Respecting diverse opinions, temperaments and work styles is every professional team’s philosophy—until the first stressful event comes along. Then, stress and conflict splits even the best team into factions from which recovery is hard and slow. While it is nearly impossible to prevent internal showdowns, it is relatively easy to predict them and prepare: a smart way to improve both the productivity and atmosphere of the team.


When it is time for important decisions, most teams lean towards one of the four strategic styles we use as benchmarks at our East-West Leadership workshops: ‘dare & win’ (Red), ‘disrupt & engage’ (Yellow), ‘help & nurture’ (Green) or ‘secure & streamline’ (Blue). In theory, a team’s strategic approach should mainly depend on the job to be done. In practice, it usually follows a pattern of individual temperaments, values and experiences. That is what a simple intercultural team style mapping reveals.

Avoiding bias and leaving the box sound great, but real people do most of their best work in comfort zones. That isn’t a problem in itself: daring sales champions and perfectionist chemical engineers should think twice before they challenge themselves to a radically different work style. But sometimes, old routines suddenly hinder an otherwise highly functional team. Project launches require flexibility, even if afterwards everything must follow a smooth plan. When people panic under pressure, even the most battle-hardened team of venture capitalists needs empathy and listening skills.


Mapping a team’s balance of talents and cultural styles serves two functions. First, it reveals the team’s top strength areas: those come from each member’s primary DISC style, marked by full circles in this map. Those strengths, however, are often off-balance because engineering teams need more Competence, innovators more Innovation and so forth. But healthy teams need to align the four styles to succeed in complex and changeable markets, and that is when secondary DISC strengths, here marked with dotted circles, come into play.
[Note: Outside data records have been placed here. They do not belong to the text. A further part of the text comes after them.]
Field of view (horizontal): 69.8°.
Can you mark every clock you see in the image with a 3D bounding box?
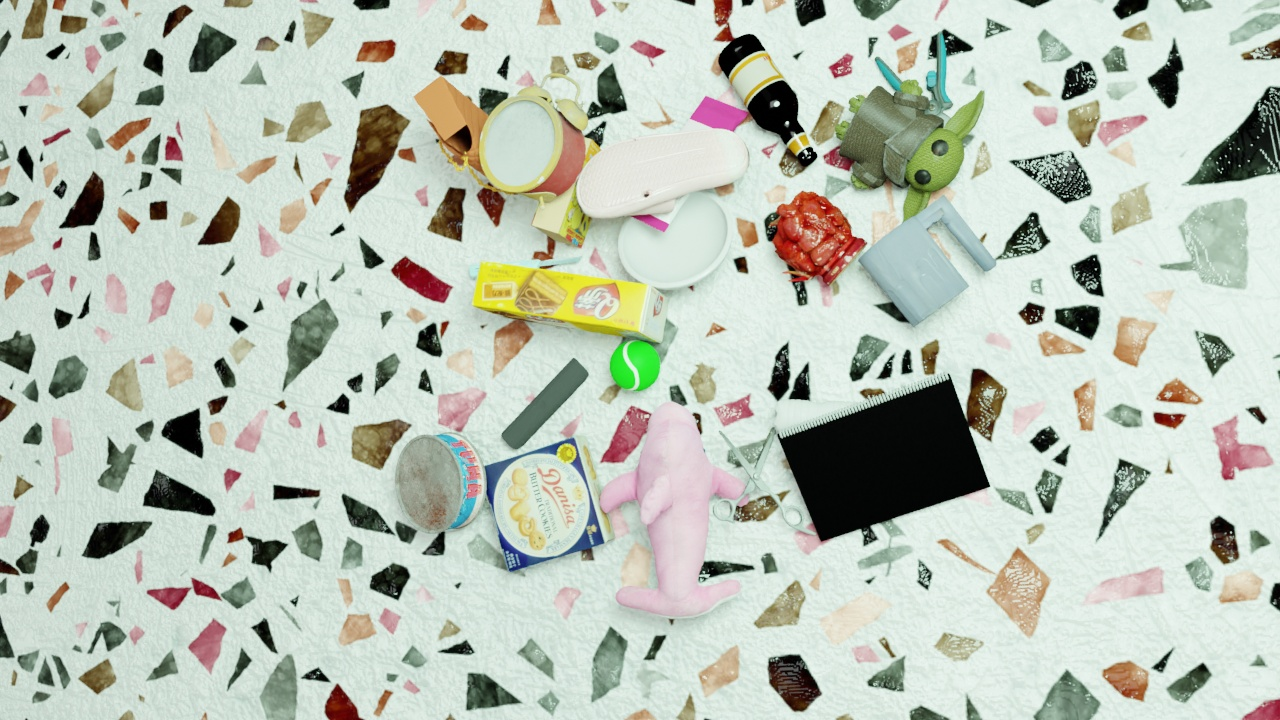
[{"bbox_3d":[-0.119,-0.272,1.125,0.117,0.081,0.159,28,101,26],"label":"clock"}]

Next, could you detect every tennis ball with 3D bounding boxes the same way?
[{"bbox_3d":[-0.007,0.007,1.169,0.065,0.065,0.065,-2,84,15],"label":"tennis ball"}]

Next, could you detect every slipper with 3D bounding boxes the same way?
[{"bbox_3d":[0.026,-0.233,1.142,0.221,0.056,0.106,-15,63,0],"label":"slipper"}]

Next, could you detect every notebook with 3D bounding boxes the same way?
[{"bbox_3d":[0.284,0.115,1.076,0.207,0.016,0.149,-21,102,13],"label":"notebook"}]

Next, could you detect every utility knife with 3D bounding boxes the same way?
[{"bbox_3d":[-0.157,-0.128,1.252,0.165,0.015,0.022,-4,51,14],"label":"utility knife"}]

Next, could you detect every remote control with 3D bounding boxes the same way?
[{"bbox_3d":[-0.127,0.058,1.223,0.147,0.015,0.033,-46,75,7],"label":"remote control"}]

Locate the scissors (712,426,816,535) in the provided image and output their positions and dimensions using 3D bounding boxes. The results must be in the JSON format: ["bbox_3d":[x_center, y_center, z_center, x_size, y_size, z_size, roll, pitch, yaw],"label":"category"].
[{"bbox_3d":[0.148,0.156,1.115,0.175,0.014,0.141,48,63,0],"label":"scissors"}]

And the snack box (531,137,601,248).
[{"bbox_3d":[-0.089,-0.221,1.202,0.040,0.088,0.126,19,90,16],"label":"snack box"}]

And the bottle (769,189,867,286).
[{"bbox_3d":[0.207,-0.146,1.118,0.111,0.099,0.099,43,96,5],"label":"bottle"}]

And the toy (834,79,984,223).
[{"bbox_3d":[0.310,-0.260,1.095,0.153,0.078,0.180,34,117,17],"label":"toy"}]

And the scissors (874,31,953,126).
[{"bbox_3d":[0.344,-0.336,1.131,0.124,0.019,0.155,15,88,17],"label":"scissors"}]

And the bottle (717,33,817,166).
[{"bbox_3d":[0.167,-0.323,1.157,0.059,0.059,0.181,-32,77,10],"label":"bottle"}]

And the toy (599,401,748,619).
[{"bbox_3d":[0.035,0.178,1.105,0.187,0.128,0.265,-5,81,9],"label":"toy"}]

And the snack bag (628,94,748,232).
[{"bbox_3d":[0.058,-0.254,1.182,0.070,0.016,0.196,29,79,27],"label":"snack bag"}]

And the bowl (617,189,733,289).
[{"bbox_3d":[0.048,-0.149,1.172,0.150,0.043,0.149,-7,63,14],"label":"bowl"}]

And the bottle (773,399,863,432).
[{"bbox_3d":[0.232,0.070,1.108,0.136,0.044,0.044,1,85,16],"label":"bottle"}]

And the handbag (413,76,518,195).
[{"bbox_3d":[-0.220,-0.281,1.201,0.060,0.171,0.109,-34,77,9],"label":"handbag"}]

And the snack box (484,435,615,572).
[{"bbox_3d":[-0.122,0.185,1.195,0.145,0.042,0.144,-20,80,13],"label":"snack box"}]

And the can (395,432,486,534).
[{"bbox_3d":[-0.265,0.161,1.214,0.130,0.044,0.130,1,91,36],"label":"can"}]

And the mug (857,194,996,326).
[{"bbox_3d":[0.337,-0.116,1.076,0.124,0.083,0.104,-37,81,6],"label":"mug"}]

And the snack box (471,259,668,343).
[{"bbox_3d":[-0.088,-0.074,1.176,0.230,0.110,0.061,10,87,16],"label":"snack box"}]

Many professional team’s primary talents fall into one DISC quadrant. When I suggest that true-Blue finance leaders or deep-Green HR VPs add balance to their team culture, their first thought is adding new people—and how hard that would be. But as they soon find out, the missing Direction, Inspiration, Service or Competence mindset is already in the team: they just have to encourage hidden strengths to shine through. Where primary DISC styles huddle in the one corner, secondary styles usually scatter all over. Those true-Blue finance leaders have the necessary competitive spirit (D, Red), inspiration (I, Yellow) or empathy (S, Green) if they give it a chance and use them more.